Calculus: Applications of Trig

[erik05]

Hello all. I have a test on these type of questions coming up soon :grumpy: and this is about the time when frustration sets in since I'm not very good at these questions. If anyone could show me how to do them so I could study off it then you would be my hero.

1) A wall of height 8 m stands parallel to and 27 m from a tall building. A ladder with its foot on the ground is to pass over the wall and lean on the building. What angle will the shortest such ladder make with the ground? Ans: 0.58800

I think to get to the right answer, you have to end up with tanx= 2/3 and take the inverse to get 0.58800. Not quite sure how to get to that though.

2) A kite 40 m above the ground moves horizontally at the rate of 3 m/s. At what rate is the angle between the string and the horizontal decreasing when 80 m of string has been let out? Ans: 0.02 m/s

So far all I have is a triangle with a=40, b=x, c= 80 so cosØ= x/80. Taking the derivative: dx/dt= 80-sinØ dØ/dt. This was where I got stuck.

3) Two sides of a triangle are 6 and 8 metres in length. If the angle between them decreases at the rate of 0.035 rad/s, find the rate at which the area is decreasing when the angle between the sides of fixed length is $$\frac {\pi}{6}$$ ? Ans:0.727 m^2/min

Would the cosine law be involved in this to find dA/dt?

As you can see from my feeble attempts, I really suck at this. Any help with how to get the solutions would be much appreaciated. Thanks.

 

[Jameson]

For optimization problems, the hardest part is coming up with an equation to work with in the first place. For the first question, what kind of shape are you dealing with and what equation could be used to describe it? Same thing for the other two. Show what work you've done so far and what eqation(s) you think you might need. For the third question, is the shape a right triangle or some other triangle?

Jameson

 

[erik05]

That's the thing, I never know what to start with so I really don't have that much work. I'm assuming that all of these questions are involving triangles and that the cosine law could come in handy for a few of them.

 

[whozum]

2) A kite 40 m above the ground moves horizontally at the rate of 3 m/s. At what rate is the angle between the string and the horizontal decreasing when 80 m of string has been let out? Ans: 0.02 m/s

So far all I have is a triangle with a=40, b=x, c= 80 so cosØ= x/80. Taking the derivative: dx/dt= 80-sinØ dØ/dt. This was where I got stuck.
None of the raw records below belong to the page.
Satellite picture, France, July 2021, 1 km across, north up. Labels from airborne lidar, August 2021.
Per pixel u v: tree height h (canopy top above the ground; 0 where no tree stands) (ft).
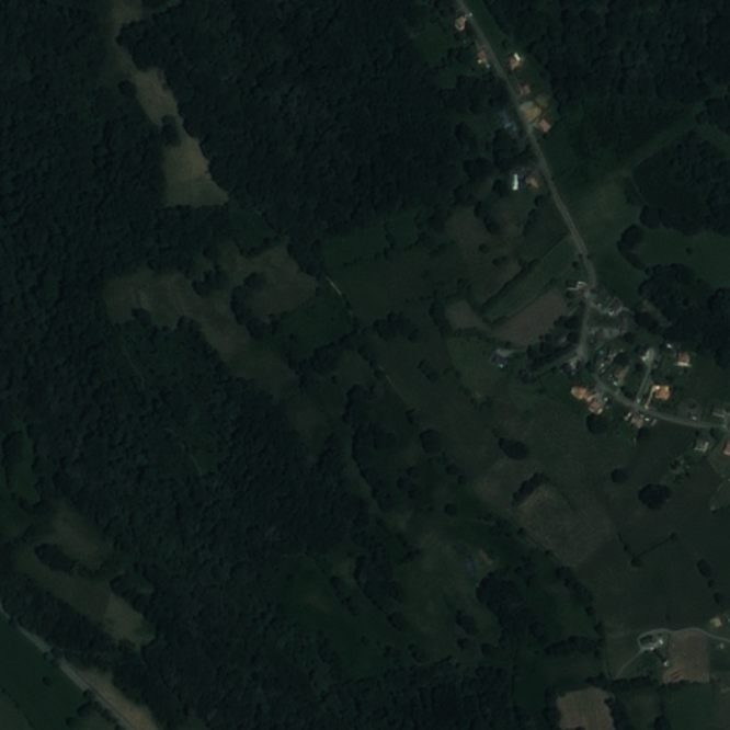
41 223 117
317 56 108
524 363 0
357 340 73
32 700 0
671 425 0
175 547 51
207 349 76
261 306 0
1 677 0
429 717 59
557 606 0
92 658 32
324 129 99
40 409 87
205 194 0
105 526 60
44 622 70
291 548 83
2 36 72
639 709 0
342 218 31
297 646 39
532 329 0
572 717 0
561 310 0
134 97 36
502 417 0
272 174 90
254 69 73
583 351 0
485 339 26
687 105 74
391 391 0
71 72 31
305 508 80
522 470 0
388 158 103
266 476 89
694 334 80
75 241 104
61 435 80
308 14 87
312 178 102
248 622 82
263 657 37
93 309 23
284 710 83
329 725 72
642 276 0
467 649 82
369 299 0
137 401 22
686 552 0
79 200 32
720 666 0
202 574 59
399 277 0
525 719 69
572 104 89
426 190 84
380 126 77
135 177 70
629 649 0
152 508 70
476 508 0
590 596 27
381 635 0
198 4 97
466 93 61
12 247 103
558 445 0
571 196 0
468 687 54
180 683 77
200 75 79
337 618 0
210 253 80
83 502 98
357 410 75
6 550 61
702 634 0
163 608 67
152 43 74
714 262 0
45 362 83
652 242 0
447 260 0
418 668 23
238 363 0
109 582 0
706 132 0
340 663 34
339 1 87
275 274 0
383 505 71
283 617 42
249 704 50
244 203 53
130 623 0
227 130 73
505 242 0
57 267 102
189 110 85
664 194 25
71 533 0
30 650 0
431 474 0
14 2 71
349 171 76
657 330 73
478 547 0
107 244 103
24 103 101
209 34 99
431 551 0
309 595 0
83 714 61
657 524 0
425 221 31
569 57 63
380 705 31
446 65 53
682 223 60
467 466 0
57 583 0
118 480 81
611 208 0
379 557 75
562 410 0
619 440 0
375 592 93
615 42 72
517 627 89
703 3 121
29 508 57
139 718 0
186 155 0
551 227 0
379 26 77
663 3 37
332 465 88
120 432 91
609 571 0
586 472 0
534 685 0
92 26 64
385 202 57
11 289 84
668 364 0
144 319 94
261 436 87
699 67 72
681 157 25
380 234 0
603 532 0
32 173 66
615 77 28
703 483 0
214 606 84
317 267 57
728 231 59
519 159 54
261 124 93
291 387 0
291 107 87
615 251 0
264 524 80
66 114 22
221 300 0
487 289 0
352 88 88
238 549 89
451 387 0
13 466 74
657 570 0
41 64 25
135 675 42
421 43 0
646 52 19
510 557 0
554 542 0
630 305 34
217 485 51
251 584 45
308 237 70
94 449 103
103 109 37

I was goingthrough this and got stuck too, but maybe one of my mistakes will help you out, I got 0.075
Alright, write down everything you know,

a = hieght = 40m, constant
b = c*cos(u) = 80cos(u)
db/dt = 3
c = hypotenuse = string length = 80m
u = angle

What relates these?

$$\cos{u} = \frac{b}{c}$$

$$b = c*\cos{u}$$

$$\frac{db}{dt} = -c\sin{u}\frac{du}{dt}$$

$$\frac{du}{dt} = \frac{\frac{db}{dt}}{-c\sin{u}}$$

$$\sin{u} = \frac{a}{c} = 0.5$$

$$\frac{du}{dt} = \frac{3}{-(80)(0.5)} = 0.075$$

 

[erik05]

I get the same answer too except that it's negative, which makes sense since it's decreasing. This is what I did:

$$sin\theta= \frac {40}{80}$$ and taking the inverse of that I get 30 degrees. From before:

$$\frac {dx}{dt}= -80sin\theta \frac {d\theta}{dt}$$

$$\frac {d\theta}{dt}= \frac {\frac {dx}{dt}}{-80sin\theta}$$

$$\frac {3}{-80sin(30)} = -0.075$$


Hmmm...interesting.

 

[whozum]

How is the answer in meters per second?

 

[erik05]

That's what the answer in the back of the book says. It's weird because you'd think it would be in rad/s or degrees/s...

 

[whozum]

That' can't be right..

 

[erik05]

I guess I'll just assume that the book is wrong.

 

[whozum]

Give the others a shot.

 

[jai6638]

wwhats the answer to the first one?

from the diagram i drew, there are two triangles. I first found the length of the hypotenuse ( which is common for both triangles ) and then found the archcosine of 27/28 ( where 28 m is the length of the hypotenuse) which gave me 8 degrees..

Damn.. i don't know where my calculations are giong.. not gettin an answer.. can anyone help?